One of the handoffs c.2015
We're both graduating again (for the final time) in 2021, so I wanted to see if I could recreate the little guy from the keychain so when he gives me back the keychain I can give him his own to have too.
Neither of us knew what it was at first but somehow we did some internet sleuthing and found out it was a McDonald's tomagatchi toy from 1997 so I was able to find that on ebay to use as a reference image.
The final model in Fusion 360 - even though in the original toy the face is pretty flat, I made my replica curved on the top so that I could take advantage of the 3-axis milling (thanks to Anthony for pointing that out).

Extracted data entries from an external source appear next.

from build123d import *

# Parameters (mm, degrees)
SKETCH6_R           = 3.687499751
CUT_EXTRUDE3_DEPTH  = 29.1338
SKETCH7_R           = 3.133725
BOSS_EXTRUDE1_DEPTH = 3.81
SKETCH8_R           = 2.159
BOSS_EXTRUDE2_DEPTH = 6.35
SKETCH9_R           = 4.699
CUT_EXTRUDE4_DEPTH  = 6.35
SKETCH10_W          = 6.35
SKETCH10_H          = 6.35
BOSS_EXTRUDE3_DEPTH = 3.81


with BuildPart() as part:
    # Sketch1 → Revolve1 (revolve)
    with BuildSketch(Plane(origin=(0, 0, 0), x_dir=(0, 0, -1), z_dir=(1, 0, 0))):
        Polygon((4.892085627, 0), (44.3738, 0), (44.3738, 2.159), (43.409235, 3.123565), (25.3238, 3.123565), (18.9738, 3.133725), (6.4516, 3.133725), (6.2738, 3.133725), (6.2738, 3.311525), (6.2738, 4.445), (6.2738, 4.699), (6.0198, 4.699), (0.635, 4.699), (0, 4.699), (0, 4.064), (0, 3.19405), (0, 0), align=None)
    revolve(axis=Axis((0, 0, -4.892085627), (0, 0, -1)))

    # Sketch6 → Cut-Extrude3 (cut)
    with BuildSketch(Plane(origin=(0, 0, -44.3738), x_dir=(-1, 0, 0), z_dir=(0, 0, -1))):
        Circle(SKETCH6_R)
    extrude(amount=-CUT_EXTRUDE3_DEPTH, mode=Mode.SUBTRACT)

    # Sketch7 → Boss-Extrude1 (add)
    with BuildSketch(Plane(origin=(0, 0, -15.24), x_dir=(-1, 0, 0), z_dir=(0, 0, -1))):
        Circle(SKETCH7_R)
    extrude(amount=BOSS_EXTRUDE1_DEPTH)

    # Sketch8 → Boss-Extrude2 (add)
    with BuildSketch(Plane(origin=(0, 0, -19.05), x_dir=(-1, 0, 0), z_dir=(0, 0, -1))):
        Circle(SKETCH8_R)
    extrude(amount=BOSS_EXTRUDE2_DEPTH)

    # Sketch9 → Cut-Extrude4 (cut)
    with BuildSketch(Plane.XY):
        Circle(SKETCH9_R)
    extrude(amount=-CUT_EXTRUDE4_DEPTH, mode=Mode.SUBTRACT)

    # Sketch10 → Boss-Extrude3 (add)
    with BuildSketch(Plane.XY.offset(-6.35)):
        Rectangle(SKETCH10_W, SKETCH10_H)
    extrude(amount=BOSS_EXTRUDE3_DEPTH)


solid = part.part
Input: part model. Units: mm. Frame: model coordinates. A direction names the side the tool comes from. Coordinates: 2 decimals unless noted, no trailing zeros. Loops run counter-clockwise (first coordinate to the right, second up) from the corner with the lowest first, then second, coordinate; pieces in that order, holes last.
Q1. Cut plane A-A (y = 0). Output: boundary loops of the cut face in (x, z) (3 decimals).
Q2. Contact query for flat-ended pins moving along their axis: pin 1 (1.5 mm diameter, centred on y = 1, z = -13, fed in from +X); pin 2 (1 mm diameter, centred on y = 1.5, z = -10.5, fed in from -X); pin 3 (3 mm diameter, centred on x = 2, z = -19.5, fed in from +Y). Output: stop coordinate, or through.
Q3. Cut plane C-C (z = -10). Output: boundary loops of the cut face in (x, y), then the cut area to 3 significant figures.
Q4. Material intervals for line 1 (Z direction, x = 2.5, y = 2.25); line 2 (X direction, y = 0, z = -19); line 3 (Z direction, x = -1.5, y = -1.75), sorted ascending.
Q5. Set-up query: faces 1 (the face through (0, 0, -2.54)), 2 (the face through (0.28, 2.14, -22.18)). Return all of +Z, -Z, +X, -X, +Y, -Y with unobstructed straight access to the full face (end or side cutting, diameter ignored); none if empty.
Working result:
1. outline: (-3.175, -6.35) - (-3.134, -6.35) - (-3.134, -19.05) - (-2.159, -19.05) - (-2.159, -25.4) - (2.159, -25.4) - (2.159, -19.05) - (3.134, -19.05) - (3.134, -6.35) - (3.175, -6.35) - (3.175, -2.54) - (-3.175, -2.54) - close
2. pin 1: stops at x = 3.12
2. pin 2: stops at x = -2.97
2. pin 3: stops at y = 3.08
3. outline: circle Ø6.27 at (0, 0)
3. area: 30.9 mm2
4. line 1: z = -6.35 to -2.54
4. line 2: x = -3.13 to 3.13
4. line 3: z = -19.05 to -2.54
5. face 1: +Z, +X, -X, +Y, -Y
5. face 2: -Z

After CAM, I did a rough pass with the 1/4" bit and then a finishing cut with the 1/8" bit. The surface finish wasn't perfect so I also did a little bit of sanding with sandpaper and then gave it a quick once over with the heat gun to get rid of the rough surface from sanding. I then used the wax mold to cast oomoo to create a mold for the final product.
For my first pour, I used the white plastic, and colored it with yellow dye. The color is pretty off but the clear plastic was really bubbly in our test pours and I wanted to try to keep that to a minimum for my first try. I used the vacuum chamber to pull out bubbles from the plastic after mixing and before pouring, and after the pour there were only very small bubbles on the back surface so I was happy with the outcome.

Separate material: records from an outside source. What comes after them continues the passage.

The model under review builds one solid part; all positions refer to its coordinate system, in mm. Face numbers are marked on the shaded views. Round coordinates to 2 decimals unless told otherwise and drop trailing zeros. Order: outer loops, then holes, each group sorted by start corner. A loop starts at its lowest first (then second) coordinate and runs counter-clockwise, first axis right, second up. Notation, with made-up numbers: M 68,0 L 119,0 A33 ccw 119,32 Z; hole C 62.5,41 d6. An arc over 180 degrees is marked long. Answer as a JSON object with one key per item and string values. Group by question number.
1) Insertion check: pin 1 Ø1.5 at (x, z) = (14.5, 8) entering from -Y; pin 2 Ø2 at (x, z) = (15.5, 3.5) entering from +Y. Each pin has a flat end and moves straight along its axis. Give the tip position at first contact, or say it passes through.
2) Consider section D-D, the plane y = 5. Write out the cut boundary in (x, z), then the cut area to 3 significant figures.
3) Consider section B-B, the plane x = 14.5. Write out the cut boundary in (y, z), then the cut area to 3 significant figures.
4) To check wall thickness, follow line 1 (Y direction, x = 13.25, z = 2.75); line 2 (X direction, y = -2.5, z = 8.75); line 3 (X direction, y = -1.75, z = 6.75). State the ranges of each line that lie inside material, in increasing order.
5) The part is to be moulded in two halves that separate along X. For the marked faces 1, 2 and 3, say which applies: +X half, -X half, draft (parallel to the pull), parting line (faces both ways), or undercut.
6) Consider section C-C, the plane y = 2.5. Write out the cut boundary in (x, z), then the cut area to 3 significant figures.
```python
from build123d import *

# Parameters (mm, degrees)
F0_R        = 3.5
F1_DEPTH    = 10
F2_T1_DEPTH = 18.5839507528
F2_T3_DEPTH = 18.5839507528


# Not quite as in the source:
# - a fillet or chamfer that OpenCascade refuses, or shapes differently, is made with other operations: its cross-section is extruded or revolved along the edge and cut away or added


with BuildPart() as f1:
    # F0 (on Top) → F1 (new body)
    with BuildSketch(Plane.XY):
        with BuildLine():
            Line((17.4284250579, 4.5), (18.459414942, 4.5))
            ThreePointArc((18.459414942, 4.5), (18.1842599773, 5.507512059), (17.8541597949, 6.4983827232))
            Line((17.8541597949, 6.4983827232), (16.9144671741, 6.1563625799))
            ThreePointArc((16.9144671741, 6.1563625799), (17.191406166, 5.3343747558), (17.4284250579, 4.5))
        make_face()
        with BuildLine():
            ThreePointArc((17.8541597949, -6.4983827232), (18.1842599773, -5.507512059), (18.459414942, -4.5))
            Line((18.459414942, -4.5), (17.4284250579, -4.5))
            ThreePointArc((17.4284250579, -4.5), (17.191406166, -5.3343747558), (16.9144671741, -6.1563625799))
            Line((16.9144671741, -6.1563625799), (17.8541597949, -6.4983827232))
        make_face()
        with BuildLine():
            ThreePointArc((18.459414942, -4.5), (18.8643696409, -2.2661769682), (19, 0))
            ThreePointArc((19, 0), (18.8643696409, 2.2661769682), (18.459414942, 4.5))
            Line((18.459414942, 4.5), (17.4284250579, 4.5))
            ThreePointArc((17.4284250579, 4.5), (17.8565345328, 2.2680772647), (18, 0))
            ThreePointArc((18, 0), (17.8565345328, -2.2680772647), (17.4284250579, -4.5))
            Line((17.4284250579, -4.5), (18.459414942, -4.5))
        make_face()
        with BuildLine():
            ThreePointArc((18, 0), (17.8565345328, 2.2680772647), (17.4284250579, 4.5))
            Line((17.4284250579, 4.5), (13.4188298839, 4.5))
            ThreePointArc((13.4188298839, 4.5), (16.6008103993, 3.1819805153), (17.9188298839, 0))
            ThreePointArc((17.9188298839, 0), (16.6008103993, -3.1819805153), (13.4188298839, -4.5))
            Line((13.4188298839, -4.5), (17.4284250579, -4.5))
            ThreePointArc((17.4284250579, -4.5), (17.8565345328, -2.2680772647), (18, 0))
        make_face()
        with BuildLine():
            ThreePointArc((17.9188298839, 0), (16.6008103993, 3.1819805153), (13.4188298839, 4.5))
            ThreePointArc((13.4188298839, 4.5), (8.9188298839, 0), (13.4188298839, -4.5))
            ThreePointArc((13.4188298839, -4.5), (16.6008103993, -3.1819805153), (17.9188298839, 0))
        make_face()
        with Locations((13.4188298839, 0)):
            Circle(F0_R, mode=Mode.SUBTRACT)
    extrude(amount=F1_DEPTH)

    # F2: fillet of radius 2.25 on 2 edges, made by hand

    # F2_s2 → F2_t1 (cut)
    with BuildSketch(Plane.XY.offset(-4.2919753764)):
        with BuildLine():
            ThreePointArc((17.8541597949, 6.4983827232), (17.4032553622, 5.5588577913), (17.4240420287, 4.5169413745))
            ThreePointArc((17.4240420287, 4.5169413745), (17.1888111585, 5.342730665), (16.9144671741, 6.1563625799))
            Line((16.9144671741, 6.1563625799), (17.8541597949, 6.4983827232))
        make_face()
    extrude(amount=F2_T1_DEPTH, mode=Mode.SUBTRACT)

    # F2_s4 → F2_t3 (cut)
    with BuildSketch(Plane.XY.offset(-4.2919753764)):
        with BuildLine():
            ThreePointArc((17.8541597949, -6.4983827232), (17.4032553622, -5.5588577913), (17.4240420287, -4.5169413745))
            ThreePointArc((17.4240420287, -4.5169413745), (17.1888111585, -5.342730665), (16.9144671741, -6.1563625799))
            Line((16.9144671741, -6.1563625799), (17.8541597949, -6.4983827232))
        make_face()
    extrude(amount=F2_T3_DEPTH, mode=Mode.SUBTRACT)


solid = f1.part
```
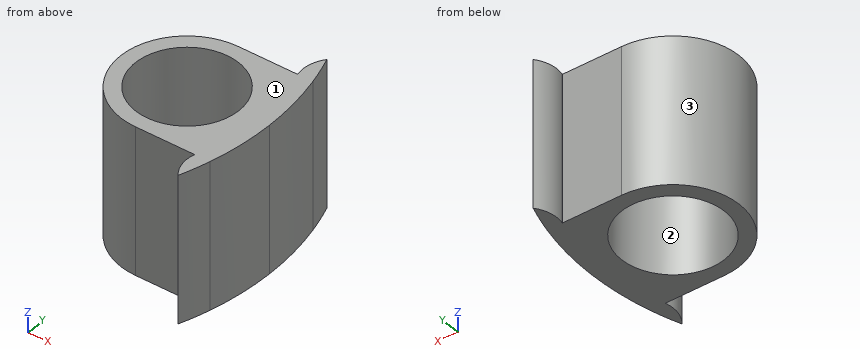
Results list:
{
 "1": {"pin 1": "y = -4.5", "pin 2": "y = 4.5"},
 "2": {"outline": "M 17.35,0 L 18.33,0 L 18.33,10 L 17.35,10 Z", "area": "9.77 mm^2"},
 "3": {"outline": "M -4.5,0 L -3.33,0 L -3.33,10 L -4.5,10 Z; M 3.33,0 L 4.5,0 L 4.5,10 L 3.33,10 Z", "area": "23.4 mm^2"},
 "4": {"line 1": "-4.5 to -3.5, 3.5 to 4.5", "line 2": "9.68 to 10.97, 15.87 to 18.83", "line 3": "9.27 to 10.39, 16.45 to 18.92"},
 "5": {"face 1": "draft", "face 2": "undercut", "face 3": "-X half"},
 "6": {"outline": "M 9.68,0 L 10.97,0 L 10.97,10 L 9.68,10 Z; M 15.87,0 L 18.83,0 L 18.83,10 L 15.87,10 Z", "area": "42.6 mm^2"}
}

All 3 steps - original wax cut, oomoo mold, and the cast opaque plastic.
I was extremely hooked on this process and wanted to keep experimenting - I thought it might be fun to try to cast oomoo in oomoo to make a squishy version (inspired by a discussion in the shop of another 90s hobby of mine, collecting tiny colorful erasers in fun shapes). Because we weren't sure if the oomoo would release itself once cast, I lined the mold with a light layer of vaseline to create a barrier.
Here is the oomoo cast (I also used red dye to create the purple color combined with the blue oomoo). I think it worked pretty well considering it was the first experiment, but the oomoo did in fact stick to itself and left a few parts a bit weird after trying to pull it from the mold.
I still wanted to play more with casting so I decided to try a multi-color epoxy pour using this epoxy we had in the shop. I mixed two colors of epoxy and then poured them simultenously into the mold (I also used Anthony's shield mold so I wasn't limited to my one mold). I then used a piece of the stirring stick to swirl the colors together a bit in the hope that the clear epoxy would show the colors well through the shape.
The result of the epoxy pours. The colors look great when there is more yellow and less blue - it seems like with the clear epoxy you need very very little color and I overdid it with the blue so it's not transparent enough there to see the mix. This definitely will not be my last time playing with oomoo and making casts!!! I don't think I'll need it for my final project but maybe I can think of a way to incorporate it so I can keep experimenting with this process.